12:40:12: INIT: Setting all logging levels to 20
12:40:12: RECIPE: Calling recipe 'ner.openai.correct'
12:40:12: RECIPE: Starting recipe ner.openai.correct
Using 3 labels from model: dish, ingredient, equipment
12:40:13: get_stream: Loading .jsonl file
12:40:13: get_stream: Rehashing stream
12:40:13: get_stream: Removing duplicates
12:40:13: CONFIG: Using config from global prodigy.json
12:40:13: VALIDATE: Validating components returned by recipe
12:40:13: CONTROLLER: Initialising from recipe
12:40:13: VALIDATE: Creating validator for view ID 'blocks'
12:40:13: VALIDATE: Validating Prodigy and recipe config
12:40:13: PREPROCESS: Tokenizing examples (running tokenizer only)
12:40:13: FILTER: Filtering duplicates from stream
12:40:13: FILTER: Filtering out empty examples for key 'text'

After that the trace appears.

Just to check, there are no locals() shown when you pass PRODIGY_LOG_LOCALS=1?

Ah! Found the bug :slightly_smiling_face: .

This is a JSON formatted file:

{
    "text": "Sriracha sauce goes really well with hoisin stir fry, but you should add it after you use the wok."
}

But what you want is JSONL.

{"text": "Sriracha sauce goes really well with hoisin stir fry, but you should add it after you use the wok."}

In JSONL each line should be a JSON object.

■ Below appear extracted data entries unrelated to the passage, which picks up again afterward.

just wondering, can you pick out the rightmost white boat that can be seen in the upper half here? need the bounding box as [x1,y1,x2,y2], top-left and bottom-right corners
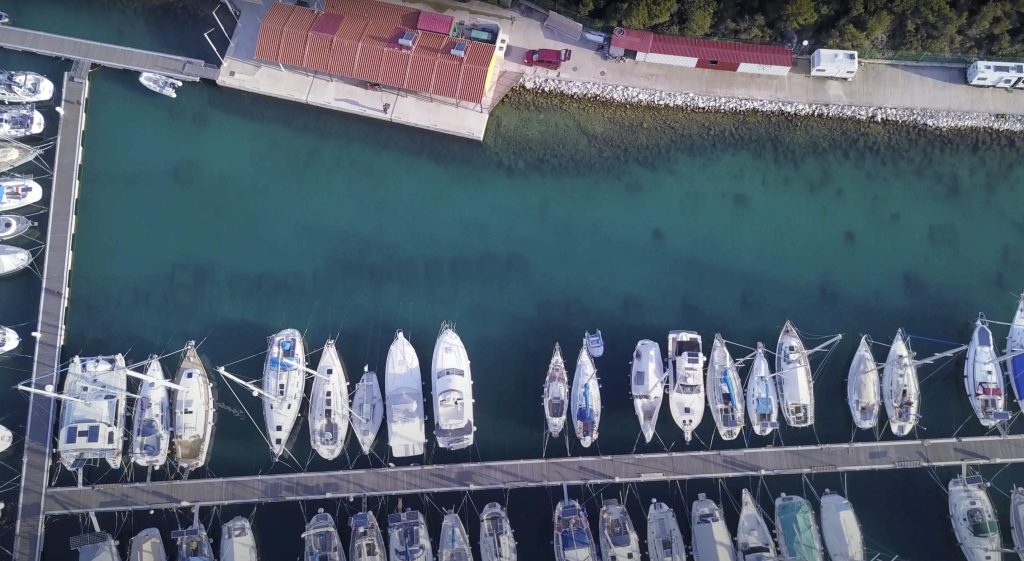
[138,71,186,101]
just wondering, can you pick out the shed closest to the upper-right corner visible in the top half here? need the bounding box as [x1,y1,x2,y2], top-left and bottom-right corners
[608,27,793,77]
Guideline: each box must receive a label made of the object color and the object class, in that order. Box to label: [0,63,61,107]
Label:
white boat
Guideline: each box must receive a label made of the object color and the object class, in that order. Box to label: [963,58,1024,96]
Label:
white camper
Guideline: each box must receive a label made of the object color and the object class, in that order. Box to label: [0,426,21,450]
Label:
white boat
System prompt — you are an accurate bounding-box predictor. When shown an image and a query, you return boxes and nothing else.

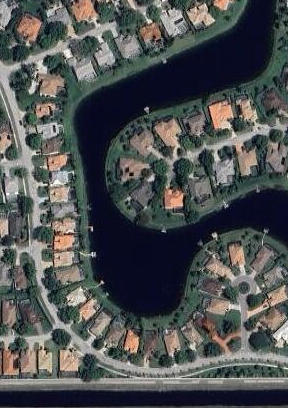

I'll make a note to see if we can catch this better in the future. I'll also make an update to the docs. The example that I added there isn't copy-paste fiendly, and that would've saved you a headacke here. Sorry about that!

ah, should have remembered that, my bad. Thanks for the reminder

Oh no worries! We could've totally provided you with a better error message here and the docs should be copy+paste friendly.

Thanks for letting us know :slightly_smiling_face:!